Fishers threw every manner of enticement to their prey, including carp carrot flies, woolly buggers, artificial worms, real worms, and a ” fish-licous”concoction of garlic and masa, the cornmeal used to make tortillas. But for the most part, this estuary where fresh and salt water mix has yet to fully reveal what lives below.

“Well, at least it’s better than last time,” said Sabrina Drill, a UC Cooperative Extension biologist, who along with fellow scientist Rosie Dagit has been periodically mapping the river’s fish population since 2008. But her face showed the disappointment that the yield of this event — monikered “Fish for Science” — wasn’t full of the expected gold doubloons.

WHOOPSIE DAISY: Unfortunately, snagging a big carp and landing him are two different things. (Jim Burns)
WHOOPSIE DAISY: Unfortunately, snagging a big carp and landing him are two different things. (Jim Burns)

An optimistic Trout Unlimited’s Bob Blankenship had emailed several participants before the event that “Maybe this storm will bring with it a few migrating steelhead to Long Beach?” And we all heartily agreed.

True, Nick Faught of Corona left a happy man. He’d purchased a new 5 wt. specifically for catching carp, and the beast that later weighed in at over 8 pounds gave him all he could handle.

“I’m used to catching trout in the Sierra,” he said, dripping wet, while managing to get his fish into an orange Home Depot bucket in the middle of a lagoon. Faught had hooked and lost what was most likely this fish, then hooked it again. Between the slippery submerged rocks, the powerful and slippery carp, and his desire to get the fish to the biologists some 100 yards away, he went for a swim — saved his fish again, frying his cellphone in the process. Even soaked to the skin through his waders, Faught smiled as he held his carp later safely on shore for a trophy shot.

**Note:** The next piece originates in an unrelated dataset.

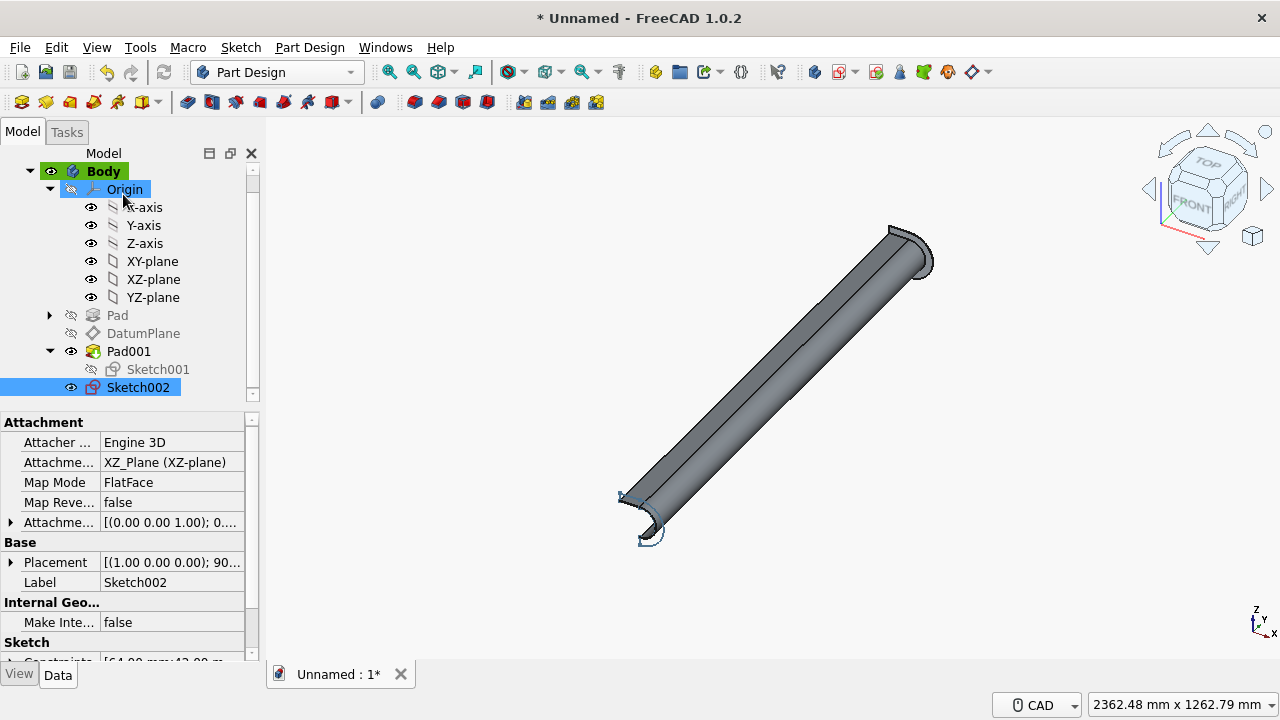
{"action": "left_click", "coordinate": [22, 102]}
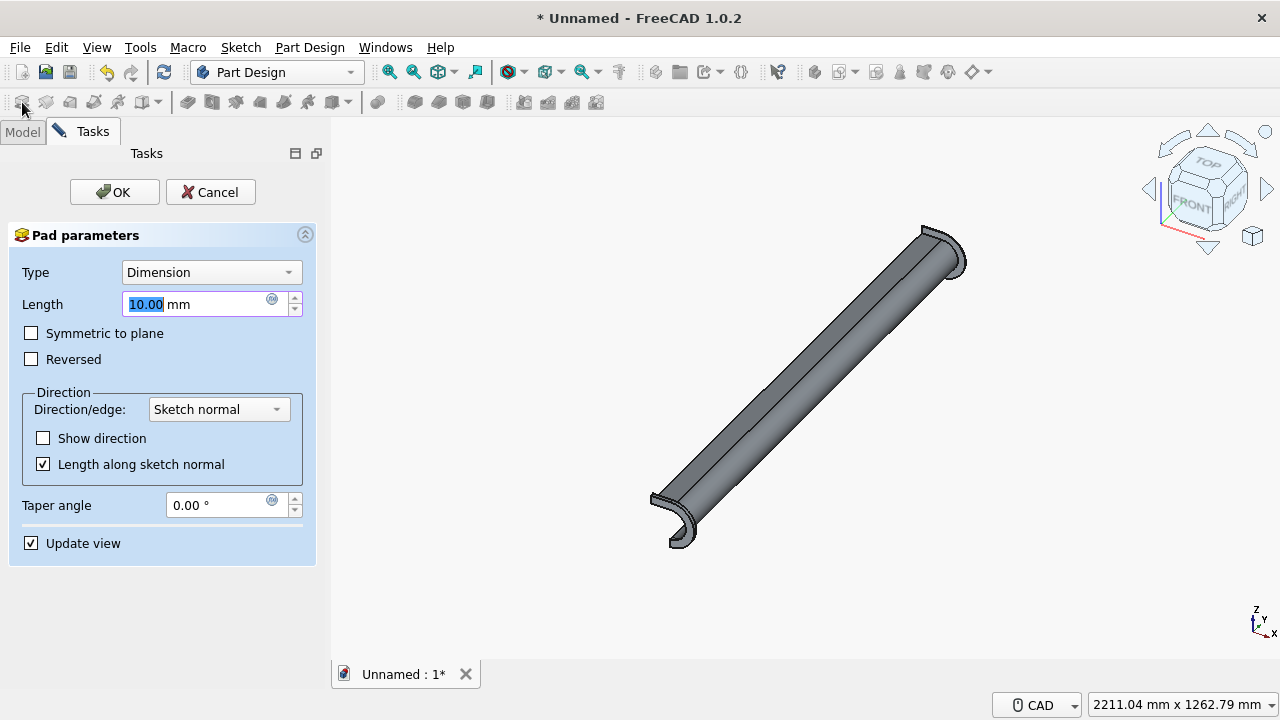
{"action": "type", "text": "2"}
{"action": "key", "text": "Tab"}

His grit and enthusiasm really characterize many of the participants who came to help the professionals map the river before restoration begins. Each event brings more anglers.

These are very serious, big-money times for an urban river that is famous for all of the wrong reasons, like Kim Kardashian. It’s as iconic as the Hollywood sign, yet after years of appearances in movies such as “The Terminator” and “Grease,” in which 51 miles of concrete form more undulating racetrack scar than ambling waters, the Army Corps of Engineers — yes, the same agency that excavated and paved it — now has recommended to Congress a $1 billion makeover, or “make right,” depending on your point of view.

In other words, once Congress approves the money, it will be billion-dollar boots on the ground in L.A. And that’s what has Dagit, a senior biologist for the Resource Conservation District of the Santa Monica Mountains, anticipating better days. Dagit, Drill and other biologists have tracked river species, first with the FoLAR fish study in 2008 and now with an extension of that study focused on the river’s estuary.

SITTIN' PRETTY: Greg Madrigal of Sierra Nets, left, and Stan Adermann sit among orange collection buckets. Madrigal landed one of the three carp caught during the event.
SITTIN’ PRETTY: Greg Madrigal of Sierra Nets, left, and Stan Adermann sit among orange collection buckets. Madrigal landed one of the three carp caught during the event.

Bets are on that Dagit, Drill and company will be back for another round. After all, the 2008 study, conducted in Atwater Village north of downtown found some 1,200 fish, including carp, tilapia and bass.

“This is a gateway,” Dagit said during the October attempt, while looking toward Long Beach Harbor. “and you can’t underestimate the importance of this section. Having a baseline of understanding which species are present and where will be is a really important tool to help us gauge the success of the proposed restoration efforts once they are initiated.”

Citizen Science Hall O’ Famers

Three large carp (22-24 inches), thanks to Steve Simon, Nick Faught and Greg Madrigal.

Greg Armijo added two topsmelt to the day’s catch.